Return all entries precisely as they stand, without the images.
START Source records
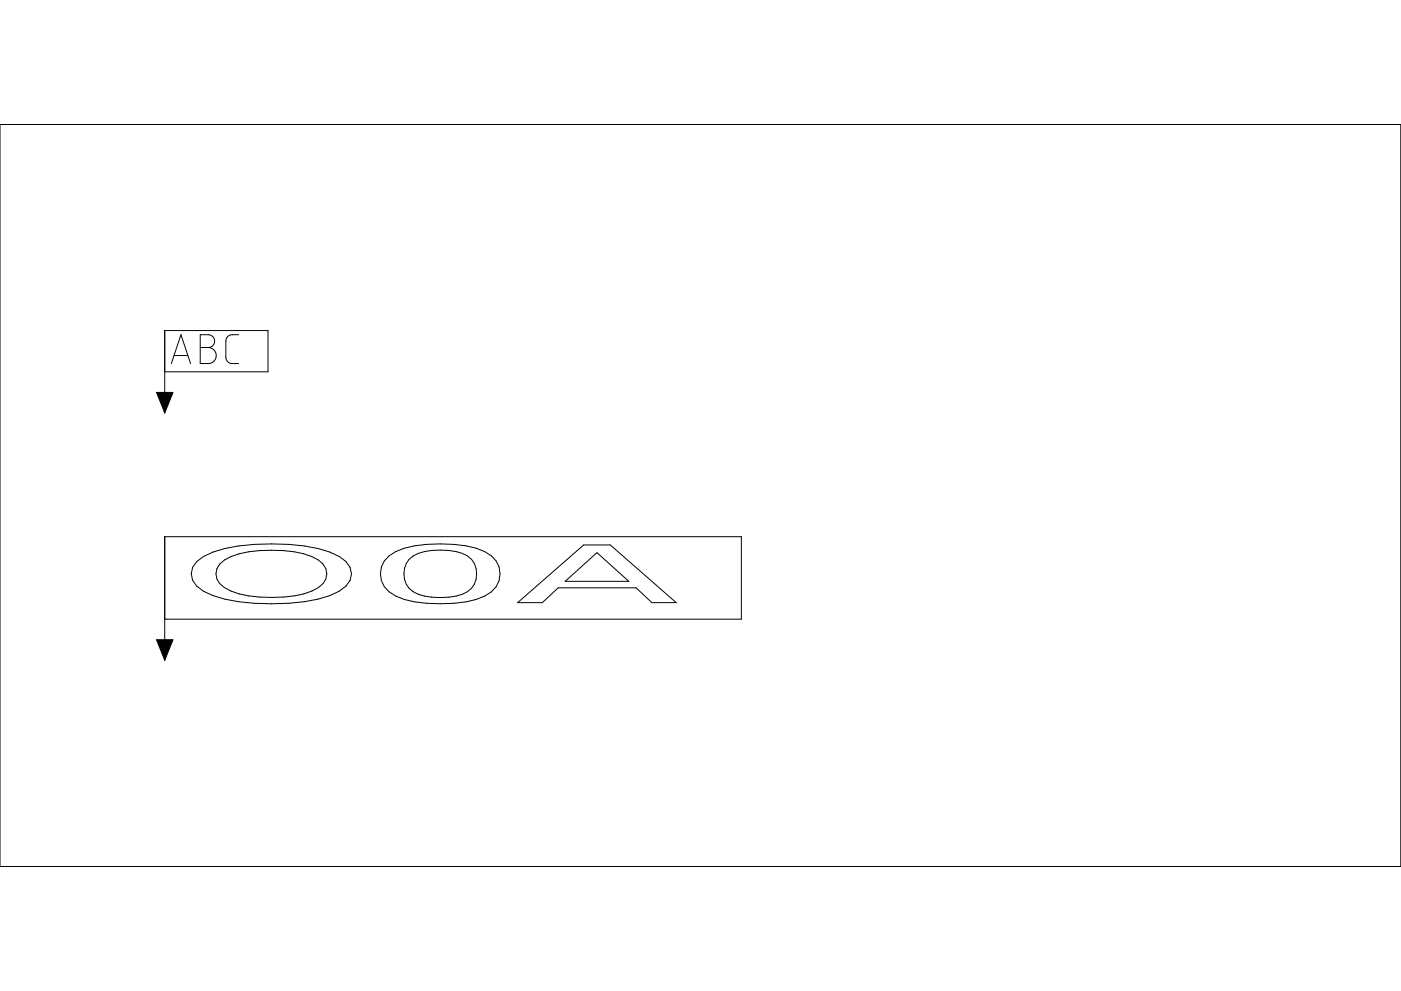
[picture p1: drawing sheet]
<svg xmlns="http://www.w3.org/2000/svg" width="420mm" height="297mm" viewBox="0 0 420 297" stroke-linecap="round" stroke-linejoin="round" font-family="sans-serif">
<g fill="none" stroke="#000" stroke-width=".3">
<path d="M0 37.3h420.1v222.4h-420.1zM49.4 111.4h31v-12.3h-31v24.7M51.4 109l2.9-8.7 2.8 8.7M52.2 106.6h4.1M60 100.3l3.1 .1 .6 .4 .5 .8 .1 1-.3 .8-.7 .6-.9 .2 1.4 .4 .6 .6 .4 .8v.9l-.3 .9-1.2 1-3.3 .2zM60 104.2h2.4M71.6 100.3l-2.8 .2-.8 .7-.3 .8v5.3l.3 .7 1 .9 2.6 .1M59 168.3a23.2 23.2 0 0 1 12.6-4.7 64.1 64.1 0 0 1 27.3 1.9l2.8 1.3a5.6 5.6 0 0 1 3.3 7.1l-1.2 1.8a23 23 0 0 1-12.6 4.7 64.2 64.2 0 0 1-27.3-1.9l-2.9-1.3-2-1.5a4.9 4.9 0 0 1 0-7.4zM65.9 169.1a15 15 0 0 1 8.6-3.7 39.5 39.5 0 0 1 19 1.4 5.6 5.6 0 0 1 4.2 6.7 9.2 9.2 0 0 1-6.6 4.5 44.9 44.9 0 0 1-19.4 0 9.3 9.3 0 0 1-6.7-4.5l-.2-1.5 .2-1.5zM116.7 166.6a20.3 20.3 0 0 1 11.2-3.4 44.1 44.1 0 0 1 14.9 1.1 8.6 8.6 0 0 1 7.2 7.7 7.3 7.3 0 0 1-4.6 6.7 30.3 30.3 0 0 1-13.4 2.3 30.3 30.3 0 0 1-13.3-2.3 7 7 0 0 1-2-12.1zM122.7 167.7a10.3 10.3 0 0 1 6.8-2.7 19.1 19.1 0 0 1 10.7 1.7 6.6 6.6 0 0 1 2.5 7.2 6.6 6.6 0 0 1-5.9 4.8 19.7 19.7 0 0 1-12.9-1.4 6.6 6.6 0 0 1-1.2-9.6zM169.5 174.2l9.5-8.5 9.6 8.5z"/>
<path d="M49.4 185.6h172.9v-24.7h-172.9v37M155.2 180.6l19.8-17.3h8l19.8 17.3h-7.3l-4.7-4.4h-23.4l-4.8 4.4z"/>
</g>
<path d="M46.9 117.6h5l-2.5 6.2zM46.9 191.7h5l-2.5 6.2z" fill="#000" stroke="#000" stroke-width=".3"/>
</svg>
END Source records
> Exercise response:
[picture p1: drawing sheet]
<svg xmlns="http://www.w3.org/2000/svg" width="420mm" height="297mm" viewBox="0 0 420 297" stroke-linecap="round" stroke-linejoin="round" font-family="sans-serif">
<g fill="none" stroke="#000" stroke-width=".3">
<path d="M0 37.3h420.1v222.4h-420.1zM49.4 111.4h31v-12.3h-31v24.7M51.4 109l2.9-8.7 2.8 8.7M52.2 106.6h4.1M60 100.3l3.1 .1 .6 .4 .5 .8 .1 1-.3 .8-.7 .6-.9 .2 1.4 .4 .6 .6 .4 .8v.9l-.3 .9-1.2 1-3.3 .2zM60 104.2h2.4M71.6 100.3l-2.8 .2-.8 .7-.3 .8v5.3l.3 .7 1 .9 2.6 .1M59 168.3a23.2 23.2 0 0 1 12.6-4.7 64.1 64.1 0 0 1 27.3 1.9l2.8 1.3a5.6 5.6 0 0 1 3.3 7.1l-1.2 1.8a23 23 0 0 1-12.6 4.7 64.2 64.2 0 0 1-27.3-1.9l-2.9-1.3-2-1.5a4.9 4.9 0 0 1 0-7.4zM65.9 169.1a15 15 0 0 1 8.6-3.7 39.5 39.5 0 0 1 19 1.4 5.6 5.6 0 0 1 4.2 6.7 9.2 9.2 0 0 1-6.6 4.5 44.9 44.9 0 0 1-19.4 0 9.3 9.3 0 0 1-6.7-4.5l-.2-1.5 .2-1.5zM116.7 166.6a20.3 20.3 0 0 1 11.2-3.4 44.1 44.1 0 0 1 14.9 1.1 8.6 8.6 0 0 1 7.2 7.7 7.3 7.3 0 0 1-4.6 6.7 30.3 30.3 0 0 1-13.4 2.3 30.3 30.3 0 0 1-13.3-2.3 7 7 0 0 1-2-12.1zM122.7 167.7a10.3 10.3 0 0 1 6.8-2.7 19.1 19.1 0 0 1 10.7 1.7 6.6 6.6 0 0 1 2.5 7.2 6.6 6.6 0 0 1-5.9 4.8 19.7 19.7 0 0 1-12.9-1.4 6.6 6.6 0 0 1-1.2-9.6zM169.5 174.2l9.5-8.5 9.6 8.5z"/>
<path d="M49.4 185.6h172.9v-24.7h-172.9v37M155.2 180.6l19.8-17.3h8l19.8 17.3h-7.3l-4.7-4.4h-23.4l-4.8 4.4z"/>
</g>
<path d="M46.9 117.6h5l-2.5 6.2zM46.9 191.7h5l-2.5 6.2z" fill="#000" stroke="#000" stroke-width=".3"/>
</svg>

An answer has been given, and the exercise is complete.